(Stored data entries)
# # # # #

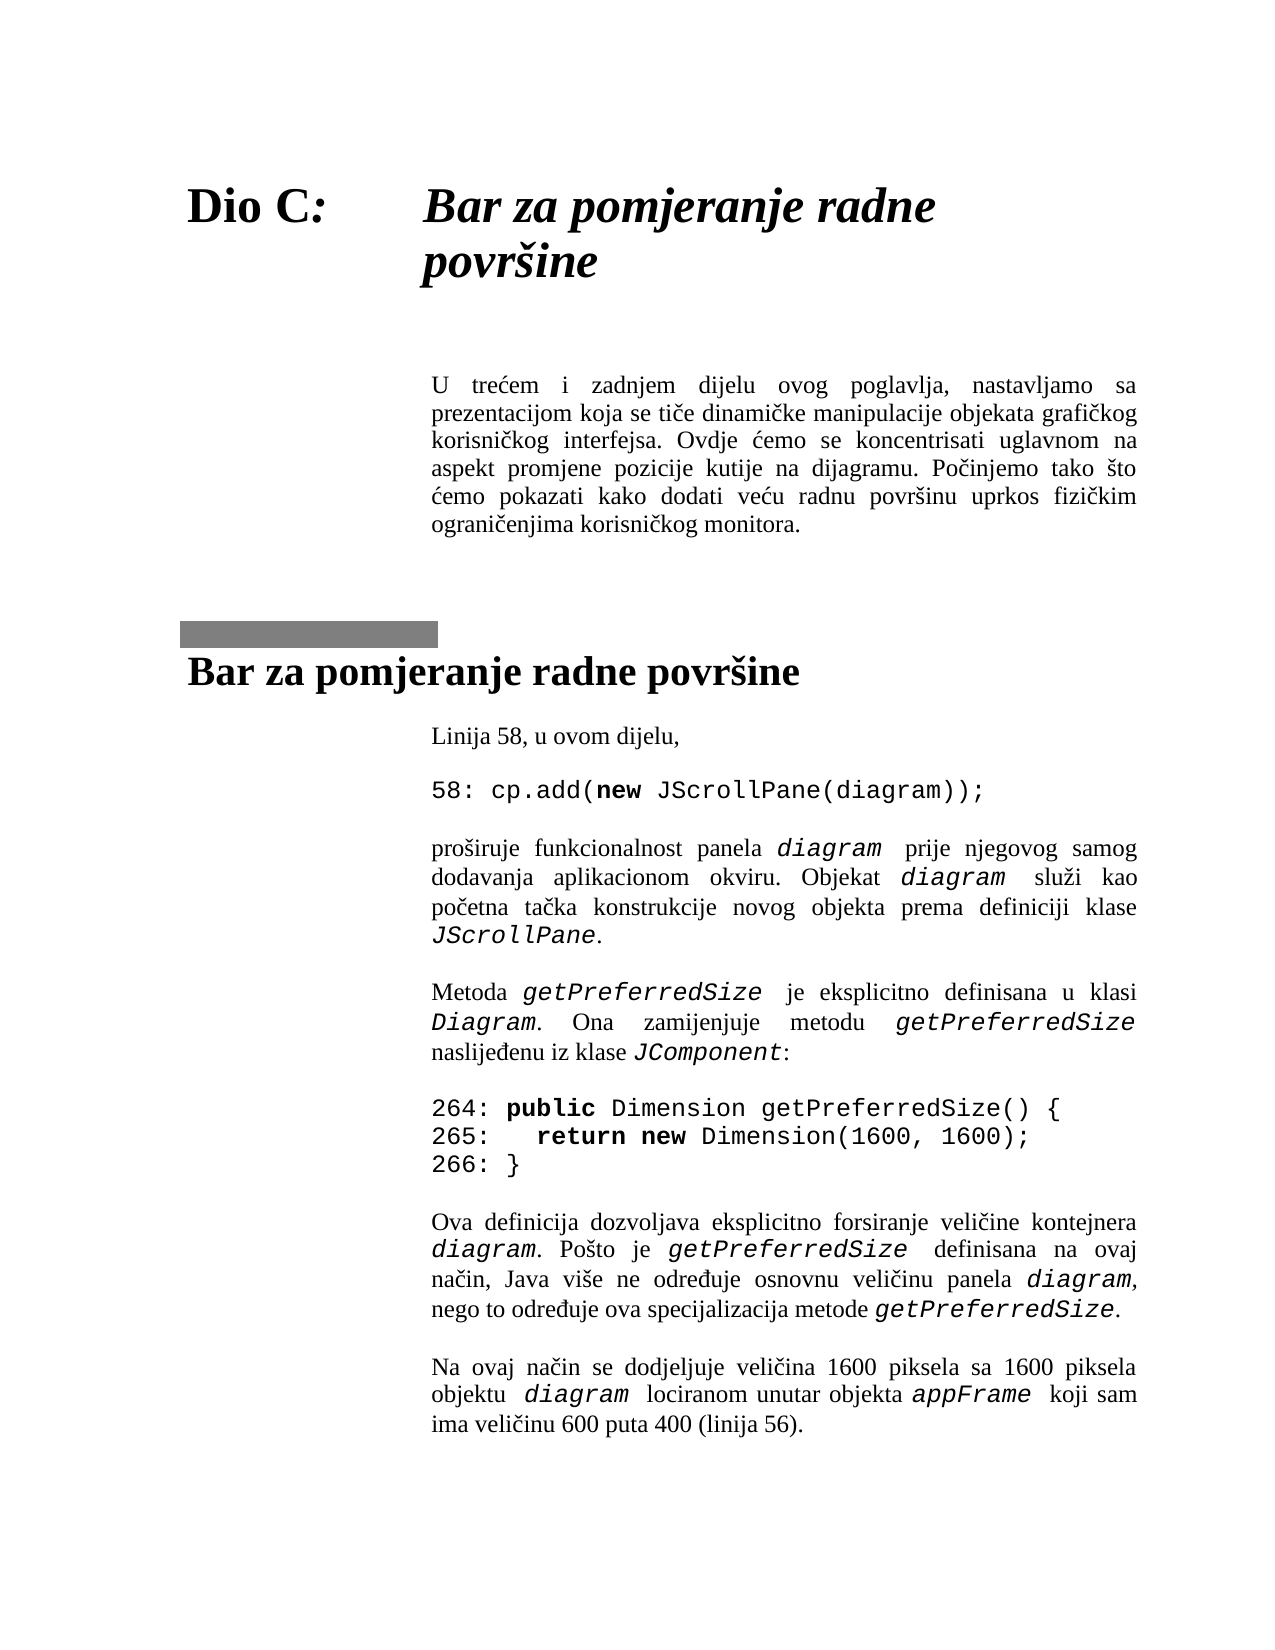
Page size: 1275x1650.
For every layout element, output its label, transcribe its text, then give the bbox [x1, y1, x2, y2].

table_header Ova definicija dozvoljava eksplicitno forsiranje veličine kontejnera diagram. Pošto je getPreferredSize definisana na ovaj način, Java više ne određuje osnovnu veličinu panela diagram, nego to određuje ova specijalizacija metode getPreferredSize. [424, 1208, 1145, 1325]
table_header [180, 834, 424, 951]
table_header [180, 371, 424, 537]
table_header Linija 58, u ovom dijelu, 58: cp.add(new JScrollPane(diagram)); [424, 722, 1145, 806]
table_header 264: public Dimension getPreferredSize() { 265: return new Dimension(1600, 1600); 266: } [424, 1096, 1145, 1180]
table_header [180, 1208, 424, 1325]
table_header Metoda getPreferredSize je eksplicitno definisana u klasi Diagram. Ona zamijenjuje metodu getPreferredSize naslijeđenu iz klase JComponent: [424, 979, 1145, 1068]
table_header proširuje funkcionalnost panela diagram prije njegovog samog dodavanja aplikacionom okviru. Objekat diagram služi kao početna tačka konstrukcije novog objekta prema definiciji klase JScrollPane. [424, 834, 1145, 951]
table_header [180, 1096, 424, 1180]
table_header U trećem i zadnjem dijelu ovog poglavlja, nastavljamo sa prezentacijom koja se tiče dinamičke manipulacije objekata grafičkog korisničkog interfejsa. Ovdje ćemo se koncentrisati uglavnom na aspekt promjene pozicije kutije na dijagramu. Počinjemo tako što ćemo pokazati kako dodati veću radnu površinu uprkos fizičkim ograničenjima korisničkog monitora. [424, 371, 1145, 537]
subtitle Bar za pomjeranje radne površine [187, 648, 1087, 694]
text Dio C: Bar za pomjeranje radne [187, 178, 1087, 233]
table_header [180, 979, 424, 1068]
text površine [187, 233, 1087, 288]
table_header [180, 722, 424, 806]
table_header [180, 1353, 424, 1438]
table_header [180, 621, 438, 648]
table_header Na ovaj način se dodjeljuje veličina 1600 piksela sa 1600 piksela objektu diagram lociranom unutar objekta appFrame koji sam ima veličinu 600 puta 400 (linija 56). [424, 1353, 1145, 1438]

# # # # #

**What to work on**
Output the line containing "table_header [180, 722, 424, 806]" and all lines after it to the end of the records, exactly as given.

**Exercise answer**
table_header [180, 722, 424, 806]
table_header [180, 1353, 424, 1438]
table_header [180, 621, 438, 648]
table_header Na ovaj način se dodjeljuje veličina 1600 piksela sa 1600 piksela objektu diagram lociranom unutar objekta appFrame koji sam ima veličinu 600 puta 400 (linija 56). [424, 1353, 1145, 1438]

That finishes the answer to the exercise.